» PROVIDED MATERIAL
□ □ □ □ □ □ □
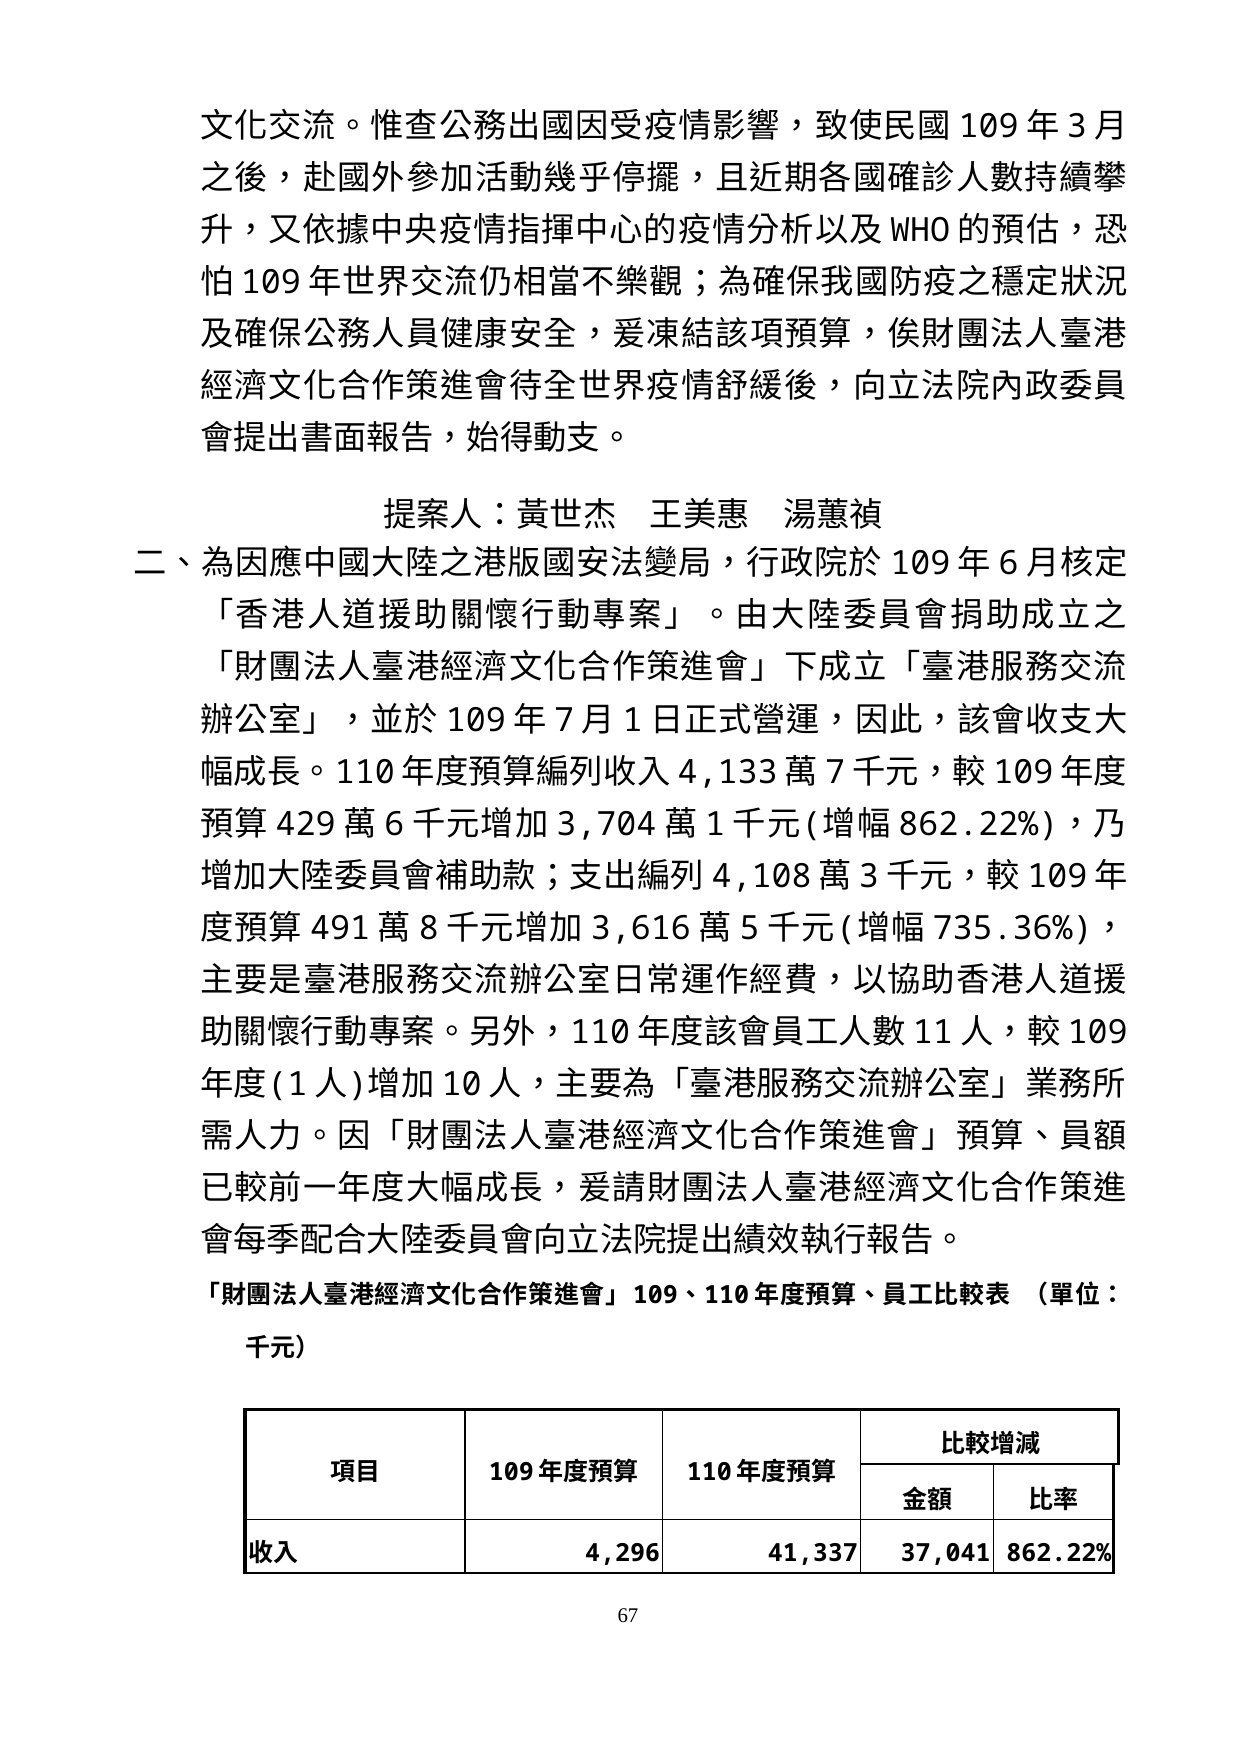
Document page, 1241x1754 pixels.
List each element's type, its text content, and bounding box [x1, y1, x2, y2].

table_cell 比率 [994, 1465, 1112, 1518]
text 文化交流。惟查公務出國因受疫情影響，致使民國109年3月之後，赴國外參加活動幾乎停擺，且近期各國確診人數持續攀升，又依據中央疫情指揮中心的疫情分析以及WHO的預估，恐怕109年世界交流仍相當不樂觀；為確保我國防疫之穩定狀況及確保公務人員健康安全，爰凍結該項預算，俟財團法人臺港經濟文化合作策進會待全世界疫情舒緩後，向立法院內政委員會提出書面報告，始得動支。 [133, 96, 1127, 460]
table_cell [1115, 1465, 1119, 1518]
table_cell 4,296 [466, 1520, 662, 1572]
table_header 109年度預算 [466, 1411, 662, 1518]
table_header 110年度預算 [663, 1411, 860, 1518]
table_header 項目 [247, 1411, 464, 1518]
table_cell 收入 [247, 1520, 464, 1572]
table_cell 862.22% [994, 1520, 1112, 1572]
text 二、為因應中國大陸之港版國安法變局，行政院於109年6月核定「香港人道援助關懷行動專案」。由大陸委員會捐助成立之「財團法人臺港經濟文化合作策進會」下成立「臺港服務交流辦公室」，並於109年7月1日正式營運，因此，該會收支大幅成長。110年度預算編列收入4,133萬7千元，較109年度預算429萬6千元增加3,704萬1千元(增幅862.22%)，乃增加大陸委員會補助款；支出編列4,108萬3千元，較109年度預算491萬8千元增加3,616萬5千元(增幅735.36%)，主要是臺港服務交流辦公室日常運作經費，以協助香港人道援助關懷行動專案。另外，110年度該會員工人數11人，較109年度(1人)增加10人，主要為「臺港服務交流辦公室」業務所需人力。因「財團法人臺港經濟文化合作策進會」預算、員額已較前一年度大幅成長，爰請財團法人臺港經濟文化合作策進會每季配合大陸委員會向立法院提出績效執行報告。 [133, 533, 1127, 1262]
table_cell [1115, 1519, 1119, 1572]
table_cell 金額 [861, 1465, 993, 1518]
text 「財團法人臺港經濟文化合作策進會」109、110年度預算、員工比較表 （單位：千元） [195, 1262, 1127, 1366]
text 提案人：黃世杰 王美惠 湯蕙禎 [383, 471, 1127, 533]
table_header 比較增減 [861, 1411, 1117, 1463]
table_cell 41,337 [663, 1520, 860, 1572]
table_cell 37,041 [861, 1520, 993, 1572]
□ □ □ □ □ □ □
» WHAT YOU WILL DO
Please make your reply exactly the lines from the one containing "table_cell [1115, 1519, 1119, 1572]" through the end of the entries above, and nothing more.

» RESPONSE TO THE TASK
table_cell [1115, 1519, 1119, 1572]
table_cell 金額 [861, 1465, 993, 1518]
text 「財團法人臺港經濟文化合作策進會」109、110年度預算、員工比較表 （單位：千元） [195, 1262, 1127, 1366]
text 提案人：黃世杰 王美惠 湯蕙禎 [383, 471, 1127, 533]
table_header 比較增減 [861, 1411, 1117, 1463]
table_cell 41,337 [663, 1520, 860, 1572]
table_cell 37,041 [861, 1520, 993, 1572]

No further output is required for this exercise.